ハッカーが、Touch IDやパスワード認証などを処理するセキュアエンクレーブプロセッサ(SEP)の復号鍵とされるものを公開しました。しかし、Appleデバイスのセキュリティが侵害されるのではないかと心配する必要はありません…今のところは。
A7プロセッサとiPhone 5sで導入されたSEPは、AppleがTouch IDの指紋データを保存する場所です。パスワードやApple Payでの取引の認証に使用され、iOSにおけるその他あらゆるセキュリティプロセスを管理します。
専用のチップを使用することで、これらのプロセスがシステムの他の部分から分離され、セキュリティが強化されます。たとえiOSがハッキングされ、ハッカーがユーザーのデータにアクセスできたとしても、SEPに保存されている情報にはアクセスできません。
SEPは認証のためにデバイスの固有ID(UID)を生成し、デバイスが再起動するたびにこのIDを変更します。しかし、現時点でわかっているのはこれだけです。Appleは当然ながら、SEPの具体的な仕組みについて口を閉ざしています。
しかし、TwitterでXerubとして知られるハッカーが、SEPの復号鍵を入手し、それを処理するために必要なコードとともにGitHubにアップロードしたと主張しています。まだ慌てる必要はありません!

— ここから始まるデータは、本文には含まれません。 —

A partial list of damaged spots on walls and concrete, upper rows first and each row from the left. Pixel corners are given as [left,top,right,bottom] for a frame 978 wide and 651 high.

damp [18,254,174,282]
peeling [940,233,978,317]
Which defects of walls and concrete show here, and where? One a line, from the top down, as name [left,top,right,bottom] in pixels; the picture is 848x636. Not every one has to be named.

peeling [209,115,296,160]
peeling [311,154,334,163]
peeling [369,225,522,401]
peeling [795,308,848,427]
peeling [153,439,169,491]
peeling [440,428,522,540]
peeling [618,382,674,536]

このキーはSEPに侵入してデータを取得するために使用することはできません。SEPの動作を監視し、Appleが明らかにしない情報をすべて入手するために使用することは可能です。そして、この情報を使ってチップをリバースエンジニアリングし、データにアクセスできるようになる可能性があります。

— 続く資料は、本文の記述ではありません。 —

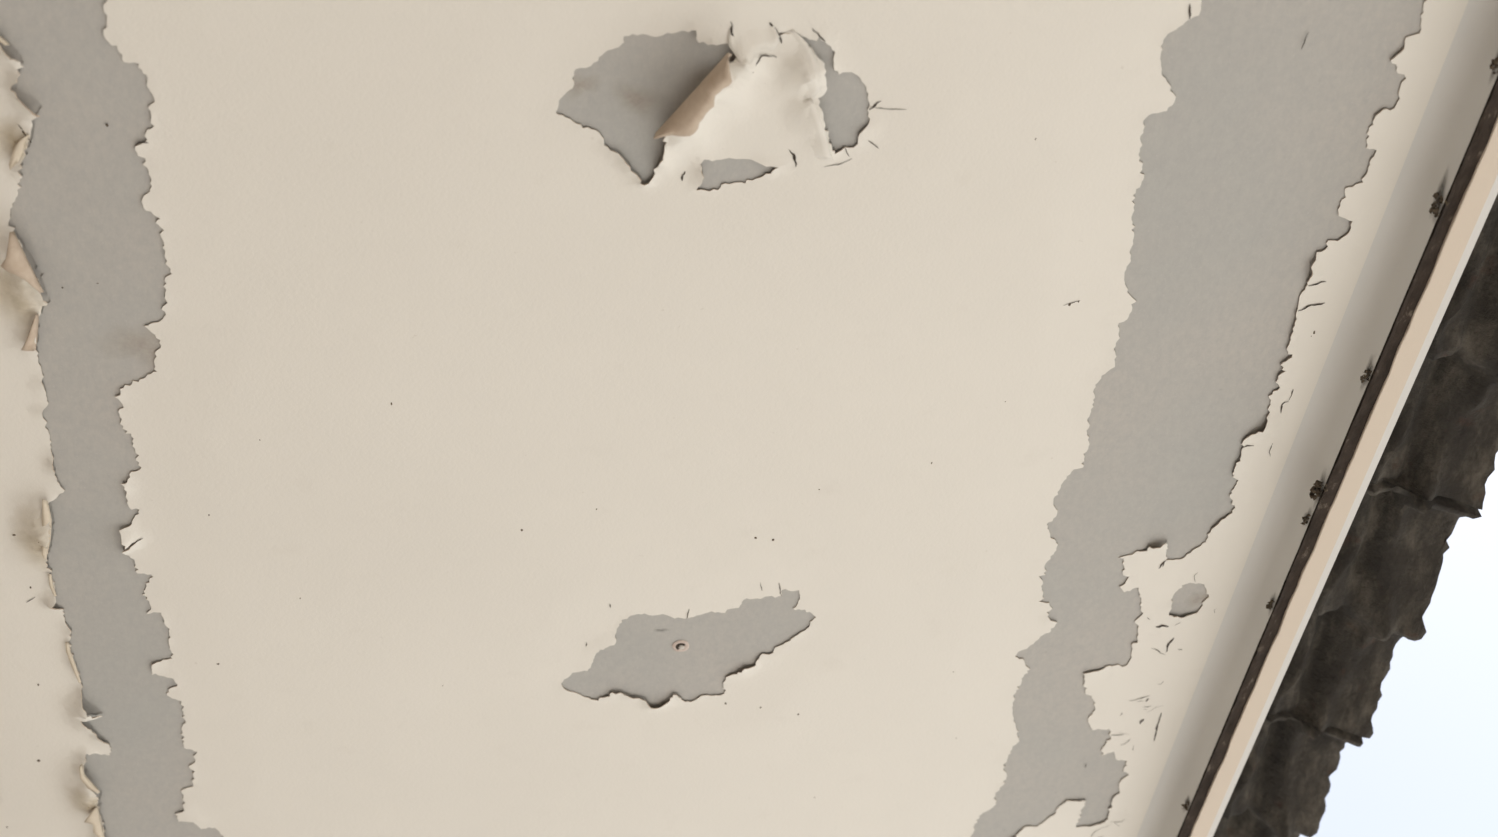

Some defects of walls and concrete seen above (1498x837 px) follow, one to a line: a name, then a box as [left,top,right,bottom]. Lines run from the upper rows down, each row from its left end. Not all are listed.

peeling [0,0,224,837]
peeling [562,589,815,711]
peeling [556,22,870,190]
peeling [971,0,1424,837]

しかし、Xerub氏は、これを実現するには多くの作業が必要であり、さらに復号されたファームウェアを悪用する必要があると説明しています。現時点では、この鍵は大きな用途には利用できず、Appleはユーザーのデータが安全であると確信しています。匿名の情報筋が TechRepublicに語ったところによると、
SEPには多層的なセキュリティが組み込まれており、ファームウェアへのアクセスだけではデータ保護クラス情報にアクセスすることはできません。顧客データへのアクセスが可能になるとは到底言えません。
Xerub氏は、そもそもSEPが復号化されていたという事実自体が懸念材料だと指摘する。これは、iOS 10以降、復号化されたカーネルを搭載して出荷されているiOS自体ほど、AppleがSEPに自信を持っていないことを示唆している。
「彼は、SEPは素晴らしい技術だが、それが『ブラックボックス』であるという事実が、セキュリティにほとんど、あるいは全く貢献していないと付け加えた」と TechRepublicは報じている。 「『匿名性はセキュリティに役立つ――その点は否定しない』と彼は述べたが、セキュリティのためにSEPに頼るのは得策ではないと付け加えた。」
復号鍵を公開したり、そもそもSEPを復号した状態で出荷したりすることで可能になる公開精査は、長期的にはセキュリティを強化するだけだと彼は付け加えた。ハッカーが欠陥を見つけやすくなれば、Appleが欠陥を特定し、排除しやすくなるのだ。